The current hall of Local 1422 replaced a predecessor at 910 Morrison Drive, a distinguished work of architecture (1984, Ray Huff) removed to make way for construction of the Arthur Ravenel Jr. Bridge across the Cooper River (2001–2005, Parsons Brinckerhoff with Palmetto Bridge Constructors). Both halls were designed by African American architects for an organization with a large proportion of African American members. An important figure in the Carolinas, the new hall’s architect, Charleston native Harvey Gantt, was the first African American admitted to Clemson University and the first African American mayor (1983–1987) of Charlotte, North Carolina, where he practices.
This two-story union hall is located in the Charleston Neck area, which in the nineteenth century developed as a predominately black residential zone northeast of Charleston’s historic core. The U-shaped building faces southwest, and its immediate environs include largely commercial or light industrial buildings. Further to the east flows the Cooper River, while a long established housing district occupies the blocks further west. The building is buffered from the heavily traveled avenue it faces by a strip of landscaped pavement, which broadens into a forecourt at the western corner of the structure, and ends at the tapering concrete tower marking the main entrance. A series of large windows articulate the Morrison Avenue front, which is covered with aluminum panels and set well forward of the large, brick-faced masses that frame it on either side. Between the framing masses on the opposite side is an open court whose roofs curve downward toward the rear.
Between the main entrance and a secondary entrance from the northeast front, a double-height corridor, galleried on the upper level, forms a kind of interior street connecting the building’s two main spaces: the hiring hall (adjacent to the main entrance) and a hall for public functions (adjacent to the secondary entrance). In between are a range of offices, service and recreational rooms, and leasable space. A staircase occupies the tapered tower.
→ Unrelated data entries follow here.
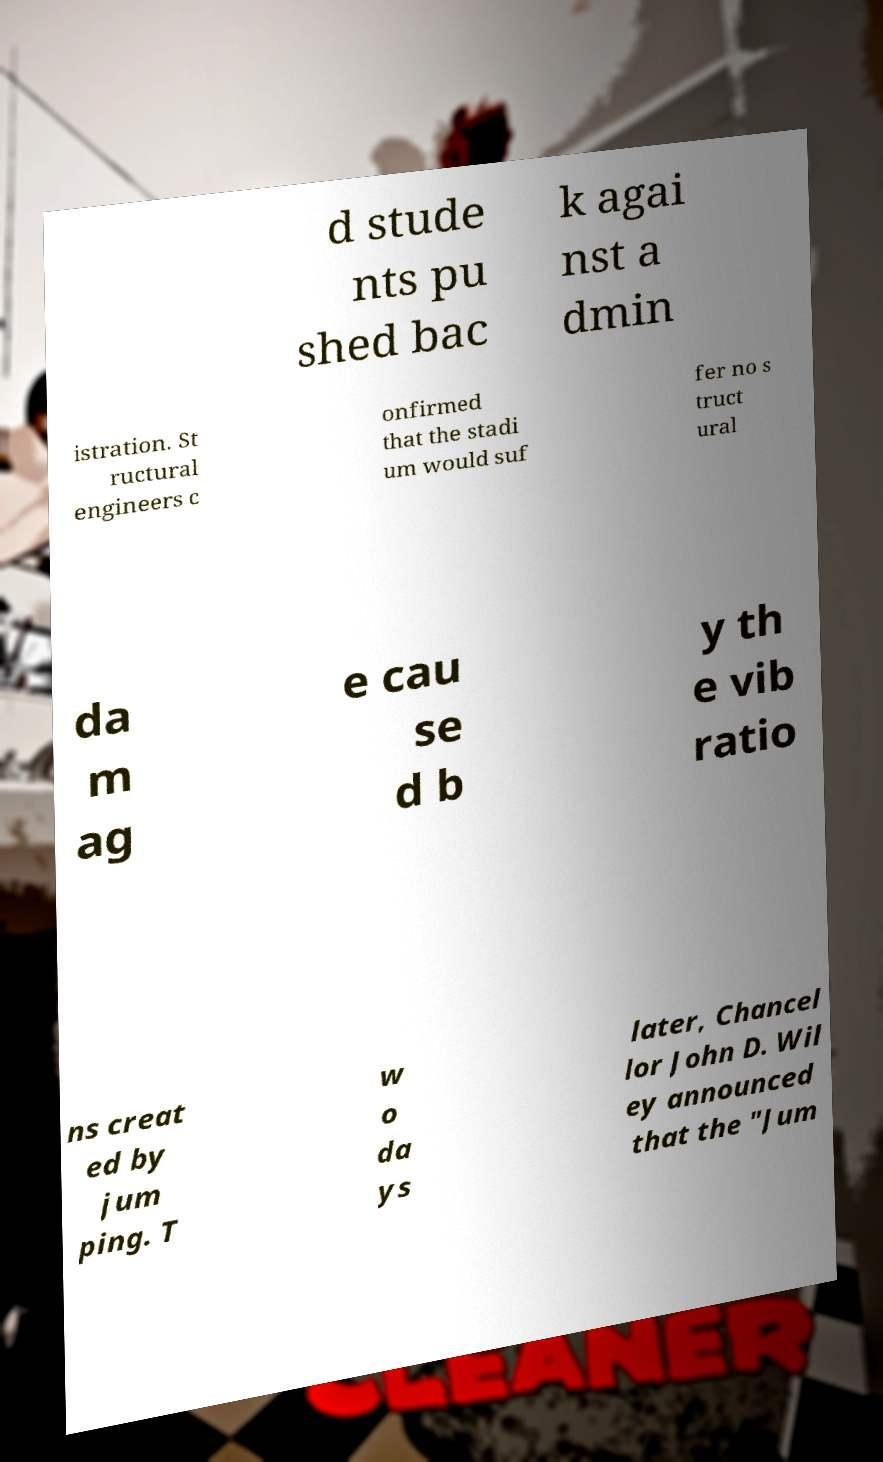What messages or text are displayed in this image? I need them in a readable, typed format. d stude nts pu shed bac k agai nst a dmin istration. St ructural engineers c onfirmed that the stadi um would suf fer no s truct ural da m ag e cau se d b y th e vib ratio ns creat ed by jum ping. T w o da ys later, Chancel lor John D. Wil ey announced that the "Jum 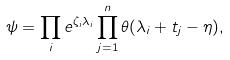<formula> <loc_0><loc_0><loc_500><loc_500>\psi = \prod _ { i } e ^ { \zeta _ { i } \lambda _ { i } } \prod _ { j = 1 } ^ { n } \theta ( \lambda _ { i } + t _ { j } - \eta ) ,</formula> 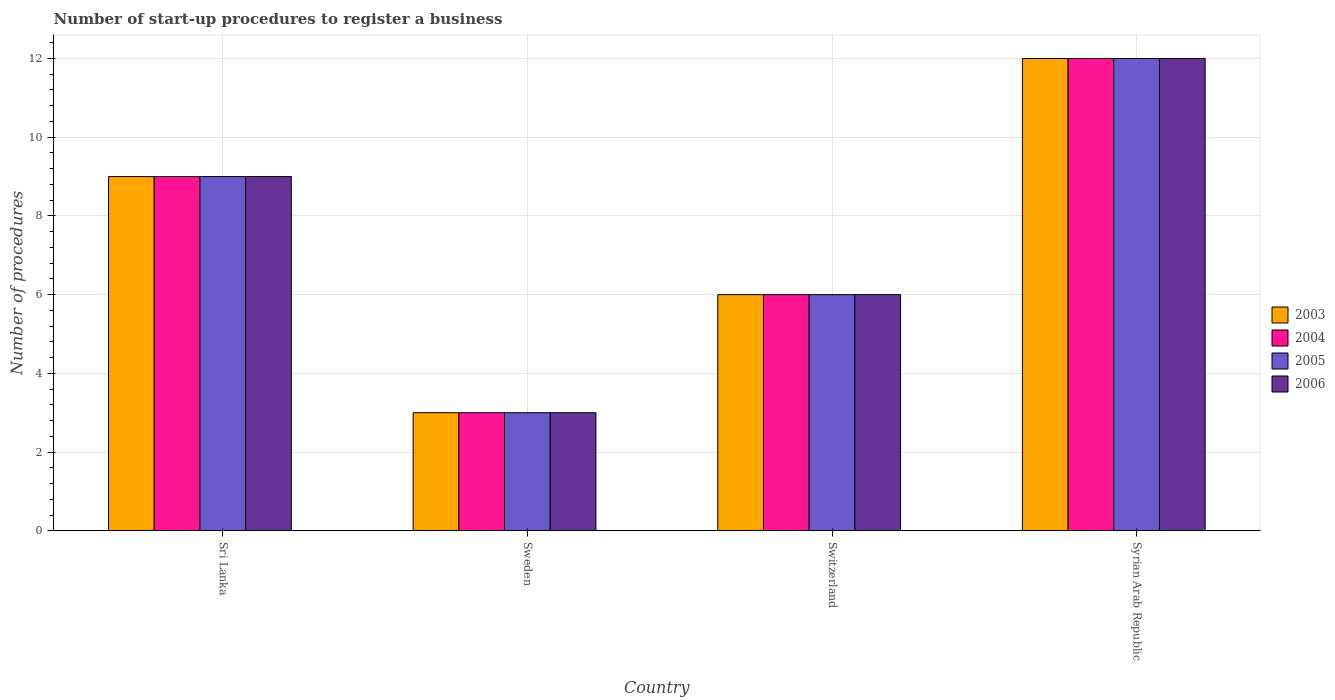How many groups of bars are there?
Provide a succinct answer. 4. Are the number of bars on each tick of the X-axis equal?
Ensure brevity in your answer.  Yes. How many bars are there on the 1st tick from the left?
Provide a succinct answer. 4. How many bars are there on the 1st tick from the right?
Give a very brief answer. 4. What is the label of the 3rd group of bars from the left?
Offer a very short reply. Switzerland. In which country was the number of procedures required to register a business in 2003 maximum?
Your answer should be compact. Syrian Arab Republic. What is the average number of procedures required to register a business in 2003 per country?
Your response must be concise. 7.5. What is the difference between the number of procedures required to register a business of/in 2005 and number of procedures required to register a business of/in 2003 in Syrian Arab Republic?
Offer a terse response. 0. In how many countries, is the number of procedures required to register a business in 2006 greater than 11.2?
Provide a short and direct response. 1. Is the number of procedures required to register a business in 2003 in Sri Lanka less than that in Sweden?
Provide a succinct answer. No. What is the difference between the highest and the lowest number of procedures required to register a business in 2006?
Your answer should be compact. 9. What does the 2nd bar from the left in Syrian Arab Republic represents?
Keep it short and to the point. 2004. What does the 4th bar from the right in Sri Lanka represents?
Your answer should be very brief. 2003. Is it the case that in every country, the sum of the number of procedures required to register a business in 2006 and number of procedures required to register a business in 2004 is greater than the number of procedures required to register a business in 2005?
Offer a terse response. Yes. Are all the bars in the graph horizontal?
Give a very brief answer. No. How many countries are there in the graph?
Provide a succinct answer. 4. What is the difference between two consecutive major ticks on the Y-axis?
Offer a very short reply. 2. Are the values on the major ticks of Y-axis written in scientific E-notation?
Ensure brevity in your answer.  No. Does the graph contain any zero values?
Your answer should be very brief. No. Where does the legend appear in the graph?
Your response must be concise. Center right. How many legend labels are there?
Ensure brevity in your answer.  4. What is the title of the graph?
Make the answer very short. Number of start-up procedures to register a business. What is the label or title of the X-axis?
Ensure brevity in your answer.  Country. What is the label or title of the Y-axis?
Ensure brevity in your answer.  Number of procedures. What is the Number of procedures of 2003 in Sri Lanka?
Provide a succinct answer. 9. What is the Number of procedures of 2003 in Sweden?
Your answer should be very brief. 3. What is the Number of procedures of 2004 in Sweden?
Offer a very short reply. 3. What is the Number of procedures in 2006 in Sweden?
Offer a very short reply. 3. What is the Number of procedures of 2005 in Switzerland?
Provide a short and direct response. 6. What is the Number of procedures in 2006 in Switzerland?
Offer a terse response. 6. What is the Number of procedures of 2006 in Syrian Arab Republic?
Provide a short and direct response. 12. Across all countries, what is the maximum Number of procedures of 2003?
Keep it short and to the point. 12. Across all countries, what is the maximum Number of procedures in 2005?
Keep it short and to the point. 12. Across all countries, what is the minimum Number of procedures in 2005?
Offer a very short reply. 3. Across all countries, what is the minimum Number of procedures of 2006?
Your answer should be very brief. 3. What is the total Number of procedures of 2006 in the graph?
Provide a succinct answer. 30. What is the difference between the Number of procedures of 2003 in Sri Lanka and that in Sweden?
Provide a short and direct response. 6. What is the difference between the Number of procedures in 2004 in Sri Lanka and that in Sweden?
Make the answer very short. 6. What is the difference between the Number of procedures of 2005 in Sri Lanka and that in Sweden?
Your response must be concise. 6. What is the difference between the Number of procedures of 2003 in Sri Lanka and that in Switzerland?
Provide a short and direct response. 3. What is the difference between the Number of procedures in 2005 in Sri Lanka and that in Switzerland?
Keep it short and to the point. 3. What is the difference between the Number of procedures in 2003 in Sri Lanka and that in Syrian Arab Republic?
Make the answer very short. -3. What is the difference between the Number of procedures in 2003 in Sweden and that in Switzerland?
Ensure brevity in your answer.  -3. What is the difference between the Number of procedures in 2005 in Sweden and that in Switzerland?
Give a very brief answer. -3. What is the difference between the Number of procedures of 2006 in Sweden and that in Switzerland?
Give a very brief answer. -3. What is the difference between the Number of procedures in 2003 in Sweden and that in Syrian Arab Republic?
Keep it short and to the point. -9. What is the difference between the Number of procedures in 2006 in Switzerland and that in Syrian Arab Republic?
Make the answer very short. -6. What is the difference between the Number of procedures in 2003 in Sri Lanka and the Number of procedures in 2004 in Sweden?
Provide a succinct answer. 6. What is the difference between the Number of procedures in 2004 in Sri Lanka and the Number of procedures in 2005 in Sweden?
Provide a succinct answer. 6. What is the difference between the Number of procedures in 2005 in Sri Lanka and the Number of procedures in 2006 in Sweden?
Offer a terse response. 6. What is the difference between the Number of procedures of 2003 in Sri Lanka and the Number of procedures of 2006 in Switzerland?
Offer a very short reply. 3. What is the difference between the Number of procedures in 2004 in Sri Lanka and the Number of procedures in 2006 in Switzerland?
Your answer should be very brief. 3. What is the difference between the Number of procedures in 2003 in Sri Lanka and the Number of procedures in 2004 in Syrian Arab Republic?
Your answer should be very brief. -3. What is the difference between the Number of procedures in 2003 in Sri Lanka and the Number of procedures in 2006 in Syrian Arab Republic?
Your answer should be compact. -3. What is the difference between the Number of procedures in 2005 in Sri Lanka and the Number of procedures in 2006 in Syrian Arab Republic?
Your answer should be very brief. -3. What is the difference between the Number of procedures of 2003 in Sweden and the Number of procedures of 2005 in Switzerland?
Give a very brief answer. -3. What is the difference between the Number of procedures of 2005 in Sweden and the Number of procedures of 2006 in Switzerland?
Your answer should be compact. -3. What is the difference between the Number of procedures of 2003 in Sweden and the Number of procedures of 2005 in Syrian Arab Republic?
Provide a succinct answer. -9. What is the difference between the Number of procedures of 2004 in Sweden and the Number of procedures of 2005 in Syrian Arab Republic?
Provide a short and direct response. -9. What is the difference between the Number of procedures of 2003 in Switzerland and the Number of procedures of 2004 in Syrian Arab Republic?
Keep it short and to the point. -6. What is the difference between the Number of procedures of 2003 in Switzerland and the Number of procedures of 2005 in Syrian Arab Republic?
Your response must be concise. -6. What is the difference between the Number of procedures in 2004 in Switzerland and the Number of procedures in 2005 in Syrian Arab Republic?
Your response must be concise. -6. What is the average Number of procedures of 2003 per country?
Ensure brevity in your answer.  7.5. What is the difference between the Number of procedures of 2003 and Number of procedures of 2004 in Sri Lanka?
Make the answer very short. 0. What is the difference between the Number of procedures of 2003 and Number of procedures of 2005 in Sri Lanka?
Give a very brief answer. 0. What is the difference between the Number of procedures of 2004 and Number of procedures of 2005 in Sri Lanka?
Keep it short and to the point. 0. What is the difference between the Number of procedures in 2004 and Number of procedures in 2006 in Sri Lanka?
Offer a terse response. 0. What is the difference between the Number of procedures of 2003 and Number of procedures of 2004 in Sweden?
Offer a very short reply. 0. What is the difference between the Number of procedures in 2003 and Number of procedures in 2005 in Sweden?
Provide a succinct answer. 0. What is the difference between the Number of procedures in 2003 and Number of procedures in 2006 in Sweden?
Your answer should be very brief. 0. What is the difference between the Number of procedures of 2004 and Number of procedures of 2006 in Sweden?
Make the answer very short. 0. What is the difference between the Number of procedures in 2005 and Number of procedures in 2006 in Sweden?
Offer a very short reply. 0. What is the difference between the Number of procedures of 2003 and Number of procedures of 2005 in Switzerland?
Provide a short and direct response. 0. What is the difference between the Number of procedures in 2003 and Number of procedures in 2006 in Switzerland?
Give a very brief answer. 0. What is the difference between the Number of procedures of 2004 and Number of procedures of 2005 in Switzerland?
Offer a very short reply. 0. What is the difference between the Number of procedures of 2003 and Number of procedures of 2004 in Syrian Arab Republic?
Your answer should be compact. 0. What is the difference between the Number of procedures of 2003 and Number of procedures of 2006 in Syrian Arab Republic?
Your response must be concise. 0. What is the difference between the Number of procedures of 2004 and Number of procedures of 2005 in Syrian Arab Republic?
Your response must be concise. 0. What is the difference between the Number of procedures of 2004 and Number of procedures of 2006 in Syrian Arab Republic?
Ensure brevity in your answer.  0. What is the difference between the Number of procedures of 2005 and Number of procedures of 2006 in Syrian Arab Republic?
Make the answer very short. 0. What is the ratio of the Number of procedures of 2005 in Sri Lanka to that in Sweden?
Offer a terse response. 3. What is the ratio of the Number of procedures in 2006 in Sri Lanka to that in Sweden?
Your answer should be very brief. 3. What is the ratio of the Number of procedures in 2004 in Sri Lanka to that in Switzerland?
Ensure brevity in your answer.  1.5. What is the ratio of the Number of procedures of 2005 in Sri Lanka to that in Switzerland?
Provide a succinct answer. 1.5. What is the ratio of the Number of procedures in 2006 in Sri Lanka to that in Switzerland?
Offer a very short reply. 1.5. What is the ratio of the Number of procedures of 2003 in Sri Lanka to that in Syrian Arab Republic?
Give a very brief answer. 0.75. What is the ratio of the Number of procedures in 2004 in Sri Lanka to that in Syrian Arab Republic?
Offer a terse response. 0.75. What is the ratio of the Number of procedures in 2003 in Sweden to that in Switzerland?
Make the answer very short. 0.5. What is the ratio of the Number of procedures of 2006 in Sweden to that in Switzerland?
Your response must be concise. 0.5. What is the ratio of the Number of procedures of 2003 in Sweden to that in Syrian Arab Republic?
Provide a succinct answer. 0.25. What is the ratio of the Number of procedures in 2005 in Sweden to that in Syrian Arab Republic?
Provide a short and direct response. 0.25. What is the ratio of the Number of procedures of 2006 in Sweden to that in Syrian Arab Republic?
Provide a short and direct response. 0.25. What is the ratio of the Number of procedures in 2005 in Switzerland to that in Syrian Arab Republic?
Your answer should be very brief. 0.5. What is the difference between the highest and the second highest Number of procedures of 2004?
Your answer should be very brief. 3. What is the difference between the highest and the lowest Number of procedures of 2003?
Offer a terse response. 9. What is the difference between the highest and the lowest Number of procedures in 2005?
Provide a succinct answer. 9. What is the difference between the highest and the lowest Number of procedures in 2006?
Offer a very short reply. 9.

In its explicit references to its function and to the social identity of its users, the Local 1422 Hall reflects the postmodern trends prevailing at the time of its conception. In might even be considered to embody aspects of architecture parlante. Because it situated in an urban no-man’s-land, there was little opportunity to contextualize the hall by taking cues from nearby buildings, so Gantt turned instead to the figure of the longshoreman. In an interview with the Charleston Post and Courier, Gantt explained that, because longshoremen’s work had evolved from stevedoring to handling large shipping containers, he used aluminum cladding on the Morrison Street facade to recall the modernity of containerized shipping practices. He featured brick cladding because many African Americans, both in slavery and in freedom, had distinguished themselves as artisans in masonry. With the sixteen small windows, grouped in quartets to light the hiring hall, the architect intended to evoke portholes (though this type of window composition had long been a postmodern motif). Most prominent is the tapered tower meant to resemble a ship’s smokestack. This element indeed recalls a 1967 sketch by Eugene W. Brown of one of RMS Queen Elizabeth’s funnels, published in North Carolina Architect in 1976. It can also, however, be viewed as a lighthouse.
References
Behre, Robert. “New Longshoreman’s [ sic] Hall Impressive.” Post and Courier (Charleston, SC), September 2, 2002.
Menchaca, Ron. “Dockworkers’ Group to Move Soon.” Post and Courier (Charleston, SC), August 31, 2000.